Say Goodbye To The Netpliance i-opener
HiyaPower writes "Netpliance announced that they have thrown in the towel and will no longer produce their internet appliance. This follows the failure of web appliances by Virgin, and a number of others. It looks like even grandma wants a good isp when she logs on the net and that bundling cute hardware with inferior service just doesn't cut the mustard. This will be a sad note to all of those who have yet to buy the unit that cost $400 to produce for a fraction of that amount. Get'm while you can, cuz they don't make'm no more..." CEO John McHale says in that announcement: "We plan to reposition
Netpliance from a direct consumer Internet appliance service provider
to an enabling infrastructure and managed services company." Perhaps there will be some closeouts? jensend sent in this C|Net coverage as well.
She's completely computer-illiterate, and she has been using an I-Opener for e-mail pretty successfully. She's lost most of her hearing, so it's really made it possible for her to communicate with family more regularly and easily than she could on the phone. A PC is waaay too complicated for her- she learned to learn by rote, and the fact that I could fit click-by-click instructions for doing I-Opener e-mail on one side of a piece of paper is the only reason she uses it successfully.
I think the lesson here is that the market for peripherals for the permanently computer illiterate is not big enough to sustain a company like I-Opener. Too bad, because there aren't a lot of good alternatives for them.
Translation:
We're firing people, `cuz this "let's sell hardware cheap to Joe Schmoo so we can rape him on service charges" thing we've been doing is making us hemorrage money like you wouldn't believe. Instead, we're gonna try the "let's sell hardware cheap to Joe Q. Business so we can rape him on service charges". Mabye we'll offer to add the company logo to the I-Opener for `em. Never know, might work. Gotta do something, `cuz otherwise the buzzards are gonna eat us inside of six months.
.sig: Now legally binding!
The website is still up and selling them. It just looks like they will not produce them anymore read the article they are going to leave the service up and running and continue full support. It looks like they are just scaling back on it so the answer is no you will not be able to get one without having to sign up for the service in the near future. But for $200 for a rebuilt one it is still pretty tempting.
Cypherpunks: Civil Liberty Through Complex Mathematics. Those who live by the sword die by the arrow.
CEO John McHale says in that announcement: "We plan to reposition Netpliance from a direct consumer Internet appliance service provider to an enabling infrastructure and managed services company."
When their CEO can't even get past the "buzzword phase" how does Netpliance expect to even dream of coming up with a useful product?
Can anyone even decipher what the above quote even means???
The fact that they want to stop their cash bleed on the hardware should have been very apparant to anyone with eyes when they raised the price of the i-opener back up to $399 instead of the $99 that they had offered for some time. Anyone with a basic grip on economics should have known that it was going to happen way before that.

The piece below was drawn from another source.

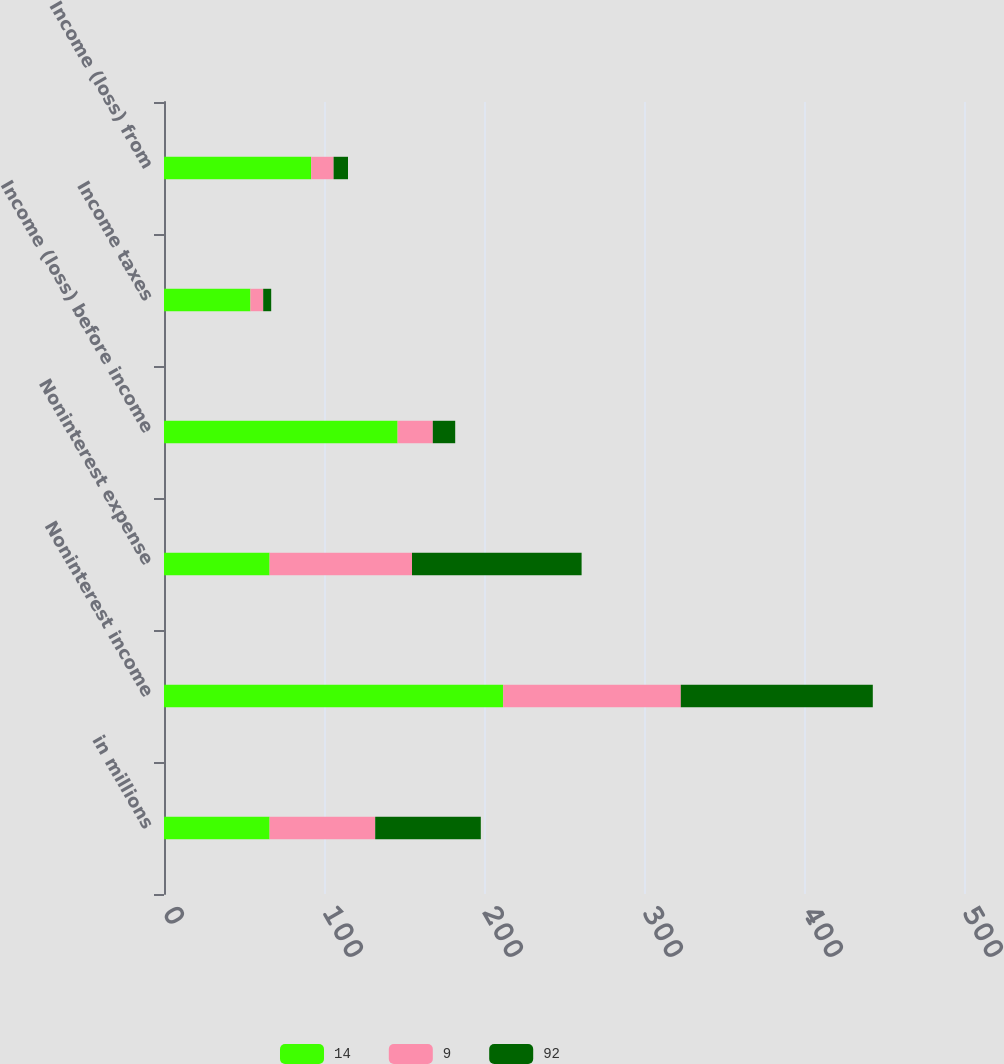<chart> <loc_0><loc_0><loc_500><loc_500><stacked_bar_chart><ecel><fcel>in millions<fcel>Noninterest income<fcel>Noninterest expense<fcel>Income (loss) before income<fcel>Income taxes<fcel>Income (loss) from<nl><fcel>14<fcel>66<fcel>212<fcel>66<fcel>146<fcel>54<fcel>92<nl><fcel>9<fcel>66<fcel>111<fcel>89<fcel>22<fcel>8<fcel>14<nl><fcel>92<fcel>66<fcel>120<fcel>106<fcel>14<fcel>5<fcel>9<nl></chart>

Basically they are a software company that everyone kept treating like an appliance company. In a July interview on Raging Bull president Kent Savage had to go to pains to get this point across,
Cyber: But isn't a large part of Netpliance's premise to sell that hardware, the I-opener?
Savage: No, not at all. We did that because we had to. We're a market maker and a first mover, and we had to innovate in order to reach this market.
It's really predictable and sad the way that the geek community has so heavily focused on the device. Unfortunately, it was really nothing too special technology-wise and the interesting things that NPLI was up to was its interface and "OS-agnostic" software package. Also it's client-server infrastructure kind of resurrected 'push' in a market and environment where it almost starts to make sense.
The "i-opener experience" is not nearly as stupid as it sounds, if you step outside of your "master of the source" persona and pretend you are on the other-side of the digital divide for a second. Sure, I prefer to navigate the net with Enlightenment as my interface of choice, but I doubt most of the flashing-12:00-on-the-VCR crowd would. The i-opener interface is just clean and as simple and dumbed-down as you can get, which is great for the market they were targetting.
They signed major strategic relations with big cable companies a long time ago (check the press releases on their web site), and their client software is well suited to be rolled out as an adjunct to set-top boxes and appliance offerings from telcos like At&T. It's curious what difficulties they might be going through negotiating "managed services" contracts with these companies because if I was running the company I would have made this shift in business plans a long long time ago. However you feel about it, they'll probably be around for a while yet, especially if they can convince US West or AT&T subsidize the hardware side of things instead of blowing all their IPO capital on it.